Have a small problem, if I want a fixed nrepl port - cljs-repl has an example like so (cljs-repl {:nrepl-opts {:port 9000}}) — however, sticking that in a composition won’t work, something about attempting to convert a persistentarraymap to a charsequence.
That example looks wrong now I'm looking at it. Try:
(cljs-repl :nrepl-opts {:port 9000})
@dominicm @alexyakushev boot doesn't have any knowledge of scopes itself
scopes are respected during dependency resolution by the Aether library, which is what boot uses to fetch maven deps
basically it boils down to three scopes that you care about: compile, test, and possibly provided
when you make a pom from your project, which is needed when you upload a jar to a maven repo, the scopes are annotated in its dependencies section
dominicm: you’re right about that, get on it, will ya ? 😛 Just kidding, I’ll look into it
the sole purpose of the scopes as far as boot is concerned are to establish a separation of transitive and nontransitive dependencies
the dependencies in your pom that are marked test or provided scope will not be visible to aether when another project uses your project as a dependency
By default, entries from dependencies with the following scopes will be
copied to the fileset: compile, runtime, and provided.

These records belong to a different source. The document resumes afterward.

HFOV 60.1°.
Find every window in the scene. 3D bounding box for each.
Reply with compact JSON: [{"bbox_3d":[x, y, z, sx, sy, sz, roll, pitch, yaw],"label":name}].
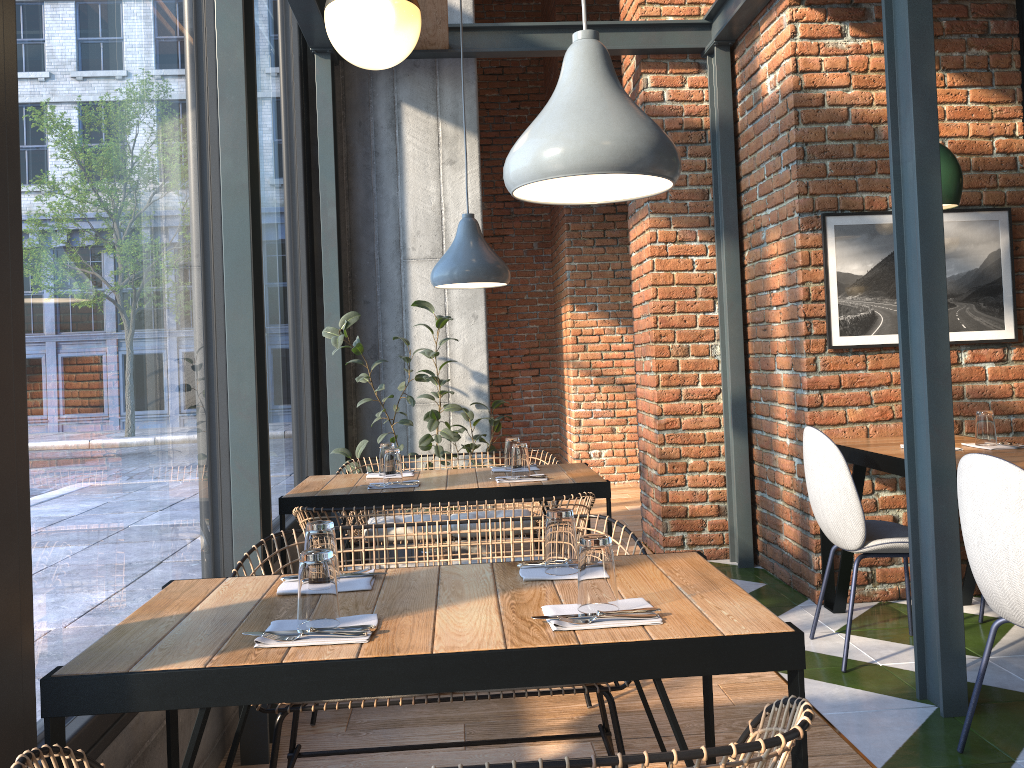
[{"bbox_3d":[-0.957,-1.989,0.645,0.127,5.602,8.718,-2,1,-3],"label":"window"}]

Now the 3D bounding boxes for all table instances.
[{"bbox_3d":[-0.139,0.796,1.799,1.271,0.707,0.658,-2,0,-4],"label":"table"},{"bbox_3d":[-0.258,0.749,3.717,1.271,0.707,0.658,-2,0,-4],"label":"table"},{"bbox_3d":[1.820,0.662,2.715,0.658,0.766,2.772,-2,1,-3],"label":"table"}]

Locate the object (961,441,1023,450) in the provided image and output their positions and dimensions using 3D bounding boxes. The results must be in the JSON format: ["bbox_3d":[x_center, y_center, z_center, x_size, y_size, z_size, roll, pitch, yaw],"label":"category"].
[{"bbox_3d":[1.929,0.242,3.537,0.157,0.019,0.242,-2,2,-3],"label":"object"}]

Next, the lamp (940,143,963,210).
[{"bbox_3d":[1.712,-1.741,3.699,0.224,2.024,0.223,-2,-1,0],"label":"lamp"}]

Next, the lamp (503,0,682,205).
[{"bbox_3d":[0.069,-2.630,1.813,0.353,4.495,0.352,-1,-2,-42],"label":"lamp"}]

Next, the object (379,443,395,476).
[{"bbox_3d":[-0.543,0.328,3.869,0.080,0.138,0.080,-2,-1,-30],"label":"object"}]

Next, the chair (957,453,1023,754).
[{"bbox_3d":[1.519,0.621,2.423,0.508,0.888,0.418,-2,-1,-7],"label":"chair"}]

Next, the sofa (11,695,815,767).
[{"bbox_3d":[-0.104,0.797,1.234,1.092,0.733,0.470,-2,0,-4],"label":"sofa"}]

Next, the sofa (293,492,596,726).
[{"bbox_3d":[-0.223,0.750,3.156,1.092,0.733,0.470,-2,0,-4],"label":"sofa"}]

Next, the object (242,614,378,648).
[{"bbox_3d":[-0.366,0.448,1.626,0.242,0.019,0.157,-2,2,-1],"label":"object"}]

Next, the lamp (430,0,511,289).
[{"bbox_3d":[-0.270,-2.673,3.915,0.352,4.495,0.353,-3,-1,32],"label":"lamp"}]

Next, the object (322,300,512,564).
[{"bbox_3d":[-0.499,0.333,4.697,0.859,1.499,0.898,-2,-1,15],"label":"object"}]

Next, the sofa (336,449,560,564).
[{"bbox_3d":[-0.293,0.723,4.283,1.092,0.733,0.470,-2,0,-4],"label":"sofa"}]

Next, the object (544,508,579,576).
[{"bbox_3d":[0.110,0.352,1.992,0.080,0.138,0.080,-2,-1,-28],"label":"object"}]

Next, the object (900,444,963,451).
[{"bbox_3d":[1.678,0.252,3.565,0.157,0.019,0.242,-2,2,-5],"label":"object"}]

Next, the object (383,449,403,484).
[{"bbox_3d":[-0.483,0.333,3.584,0.080,0.138,0.080,-3,-1,28],"label":"object"}]

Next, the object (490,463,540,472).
[{"bbox_3d":[0.026,0.369,3.926,0.242,0.019,0.157,-2,2,-3],"label":"object"}]

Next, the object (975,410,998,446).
[{"bbox_3d":[1.902,0.177,3.558,0.080,0.138,0.080,-2,-1,-30],"label":"object"}]

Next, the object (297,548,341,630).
[{"bbox_3d":[-0.362,0.381,1.651,0.080,0.138,0.080,-2,-1,-28],"label":"object"}]

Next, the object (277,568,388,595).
[{"bbox_3d":[-0.401,0.439,1.982,0.242,0.019,0.157,-2,2,-4],"label":"object"}]

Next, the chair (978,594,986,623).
[{"bbox_3d":[2.185,0.563,3.579,0.508,0.888,0.418,-2,-1,-7],"label":"chair"}]

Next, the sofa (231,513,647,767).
[{"bbox_3d":[-0.174,0.770,2.361,1.092,0.733,0.470,-2,0,-4],"label":"sofa"}]

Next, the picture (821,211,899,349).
[{"bbox_3d":[1.661,-0.484,4.112,0.430,0.632,0.015,-2,-1,-4],"label":"picture"}]

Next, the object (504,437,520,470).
[{"bbox_3d":[0.004,0.305,3.903,0.080,0.138,0.080,-2,-1,-30],"label":"object"}]

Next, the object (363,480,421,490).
[{"bbox_3d":[-0.486,0.400,3.559,0.242,0.019,0.157,-2,2,-5],"label":"object"}]

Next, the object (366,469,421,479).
[{"bbox_3d":[-0.521,0.393,3.892,0.242,0.019,0.157,-2,2,-3],"label":"object"}]

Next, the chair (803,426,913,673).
[{"bbox_3d":[1.414,0.598,3.439,0.507,0.888,0.418,-2,-1,3],"label":"chair"}]

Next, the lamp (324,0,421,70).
[{"bbox_3d":[-0.461,-2.782,2.520,0.268,3.798,0.268,-1,-1,-35],"label":"lamp"}]

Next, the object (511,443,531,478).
[{"bbox_3d":[0.034,0.311,3.617,0.080,0.138,0.080,-2,-1,-30],"label":"object"}]

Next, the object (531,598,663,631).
[{"bbox_3d":[0.154,0.425,1.657,0.242,0.019,0.157,-2,2,-5],"label":"object"}]

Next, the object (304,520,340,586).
[{"bbox_3d":[-0.423,0.375,1.959,0.080,0.138,0.080,-2,-1,-1],"label":"object"}]

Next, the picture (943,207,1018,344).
[{"bbox_3d":[2.140,-0.504,4.142,0.430,0.632,0.015,-2,-1,-4],"label":"picture"}]

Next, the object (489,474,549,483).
[{"bbox_3d":[0.026,0.378,3.591,0.242,0.019,0.157,-2,2,-3],"label":"object"}]

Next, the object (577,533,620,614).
[{"bbox_3d":[0.161,0.358,1.683,0.080,0.138,0.080,-2,-1,-2],"label":"object"}]

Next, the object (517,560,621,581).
[{"bbox_3d":[0.133,0.417,2.014,0.242,0.019,0.157,-2,2,-1],"label":"object"}]

The --include-scope
and --exclude-scope options may be used to add or remove scope(s) from this
set.
(set-env!
:source-paths #{"src"}
:dependencies '[[org.clojure/clojure "1.8.0"]
[enlive "1.1.2" :scope "test"]])
(deftask build
"Builds an uberjar of this project that can be run with java -jar"
[]
(comp
(aot :namespace #{'app.main})
(pom :project 'app
:version "1.0.0")
(uber)
(jar :main 'app.main)
(sift :include #{#"project.jar"})
(target)))
This compiles, against a namespace that requires in enlive. I don't think it should:
;; src/app/main.clj
(ns app.main
(:gen-class)
(:require [net.cgrand.reload :as reload]))
(defn foo
[]
(println reload/auto-reload))
(defn -main
[& args]
(foo))
yeah, the AOT is happening at compile-time in the presence of the lib, which creates .class files, which end up in your uberjar
but then you get runtime exceptions if your code in the uberjar really does depend on the dependencies with test scope
when i do aot for a jar, the namespace i AOT compile has no compile-time references to any other namespace
oh yeah, lemme fix that up with a java shim
PRs neglecte^D err accepted
@micha Is this why many projects do some kind of funkage with eval in their (-main)
?
usually like
(ns app.main-class
(:gen-class))
(defn -main [& args]
(require 'app.main)
(apply (resolve 'app.main/-main) args))
it's AOT compiling the minimum possible thing that will still work with the java classloader
imho it's worse than pointless to AOT compile vast swaths of clojure namespaces just to get a class that can be used as the Main of a jar 🙂
well if you're on that train then you need to be aware that you're tinkering in perfland
Fair enough. I don't really care that much about the performance personally. I just thought it was a free feature toggle.
"free feature toggle" 😂
So AOT exists solely for making a main class, and Clojure projects don't want AOT at their dependencies. I need to make a patch to edge.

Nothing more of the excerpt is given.